At least for the registry interface, I'm confident that these go through Foundation.URL.init(string:), which performs its own validation. For repositories, I'd have to check.

But I take your point that this could use another validation step at the end.

You're totally right — that was an oversight on my part. I'll tack that onto the aforementioned PR.

You're correct in pointing out this distinction. "Actually" was the wrong word here; what I meant was "effectively". For the purpose of canonicalizing package identities, so that we can match ones that are the same save for insignificant differences, I think our treatment of paths as file URLs is acceptable. Identifiers for local packages (which have file paths or file:/// URLs) are treated differently than remote dependencies.

IDNs are the next big thing I'd like to tackle.

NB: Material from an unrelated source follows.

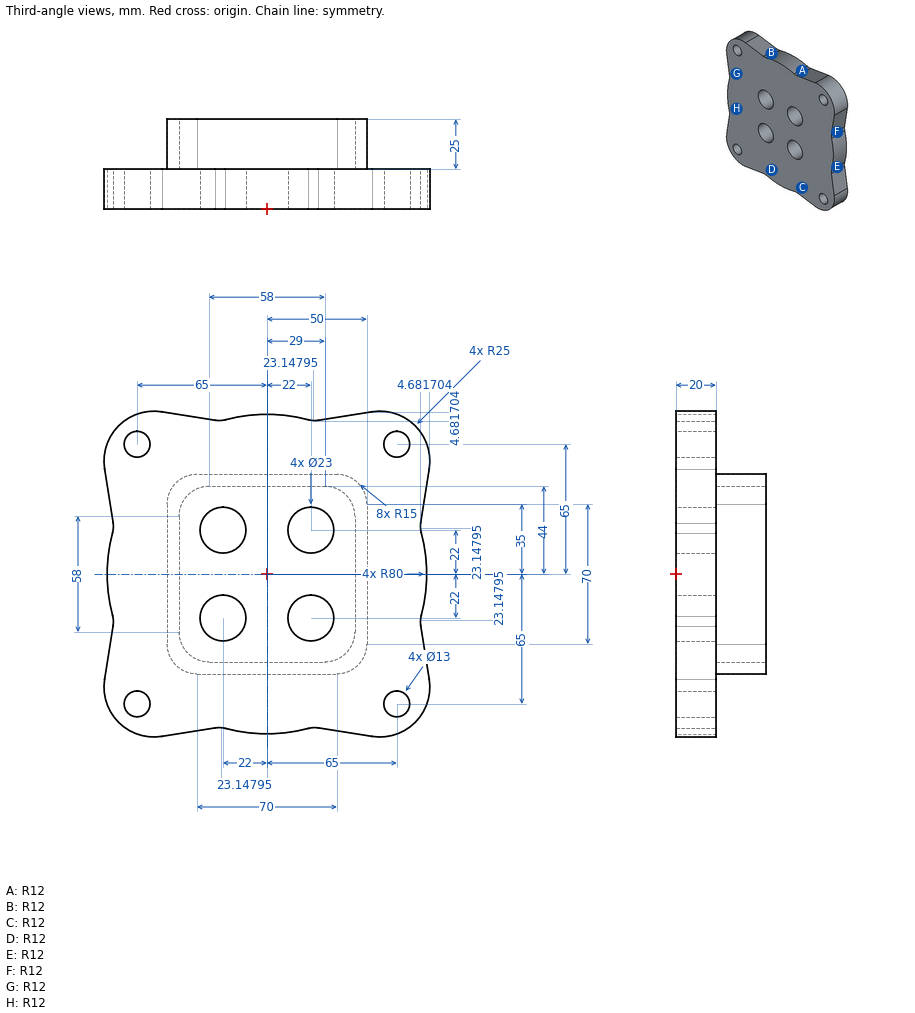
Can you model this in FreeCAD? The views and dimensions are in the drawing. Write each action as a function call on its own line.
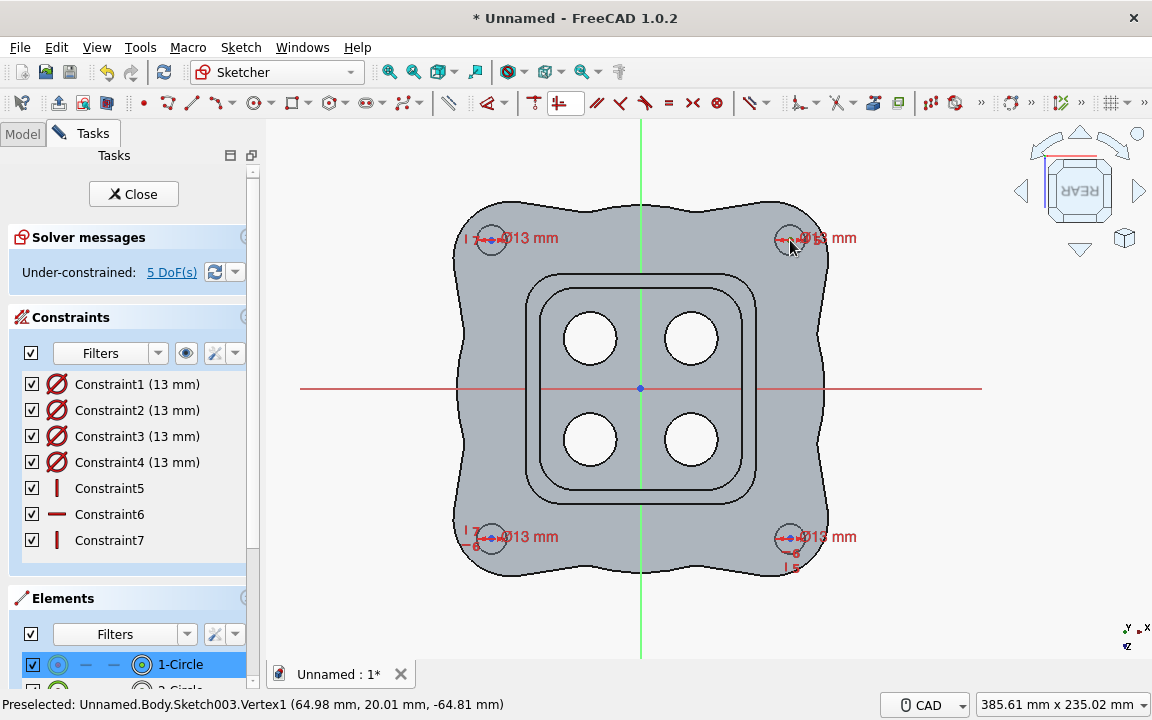
click(492, 240)

I have a (perhaps overstated) fear of homograph attacks. I'll take a closer look at how disallowed characters are / should be handled.

Despite their complexity and baggage, I still think URLs are the best solution to the problem of identifying packages. I think the idea that https://github.com/mona/LinkedList and ssh://git@github.com:mona/LinkedList.git are the same aligns well with user expectation, and that the process of HTTP content negotiation provides a convenient mechanism for allowing users to upgrade to a more secure system without changing their code.

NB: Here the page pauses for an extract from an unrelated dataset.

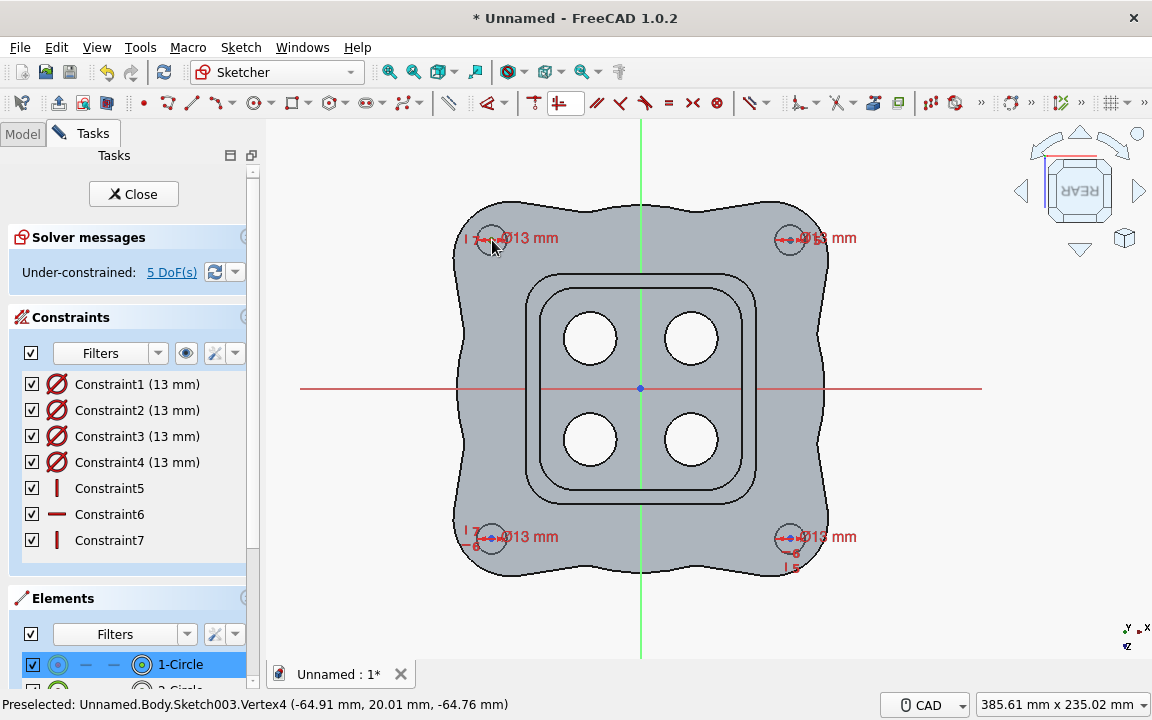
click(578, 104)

We can (and should) take every opportunity to make our canonicalization function robust and correct, and limit the impact of anything that manages to slip through the cracks. That said, I don't think adopting URLs here poses a significant security or logistical threat.

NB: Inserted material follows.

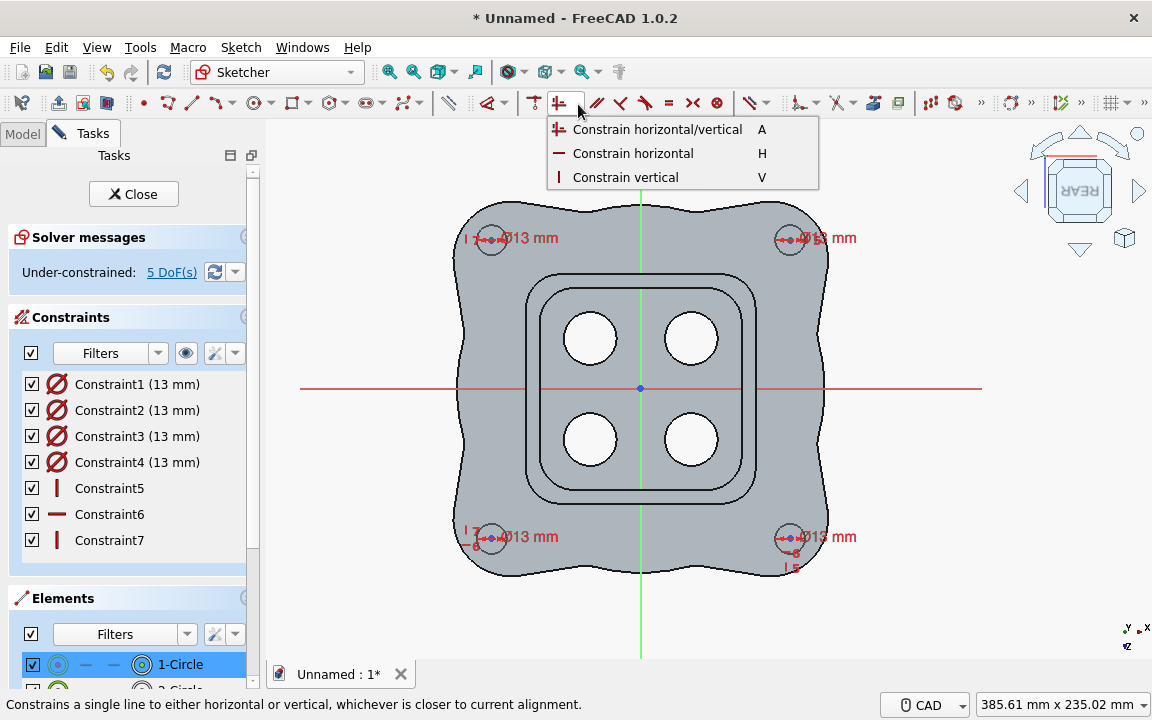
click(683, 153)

0xTim · December 18, 2020, 10:04pm

I've forked the benchmark to create a 'real' world app with a large number of dependencies if people want to use it to test

shahzadmajeed · December 21, 2020, 8:42pm

Could that interface be implemented by companies/developers by themselves? So that they can have their own private register service? Basically what if people don't want to use Github?

mattt · December 21, 2020, 9:25pm

Yes! Because this is an open standard, any developer can build and deploy a Swift package registry that hosts projects of their choosing.

shahzadmajeed · December 21, 2020, 10:27pm

Thanks for your reply Matt. I am curious if swift package itself can act as a registry service where you can have multiple local sub-packages in a top level package and top level package chooses which ones should be distributed publicly or privately. That way you don't even need to implement a separate registry service.

mattt · December 22, 2020, 11:31am

I'm not sure if I understand what you're describing, but I'll point you to this thread, which discusses different ways that Swift Package Manager could support projects containing multiple packages, including the package registry interface.

mattt · January 11, 2021, 5:57pm

Following up on this: You can find the OpenAPI specification here.

I'm very interested to hear your thoughts about my responses to your posts in this thread. Please also take a look at this thread discussing the decision to use URIs / URLs to identify packages.

mattt · January 11, 2021, 7:39pm

I just submitted a PR to apple/swift-package-manager with fixes to the issues you identified, as well as some new logic for normalizing Windows paths. If you have time to take a look, I'd really appreciate any feedback you have.

tomerd · June 1, 2021, 6:16pm

This first review for SE-0292 has concluded and the proposal was returned for revision.

Thank you to everyone for the feedback and contributions to this proposal.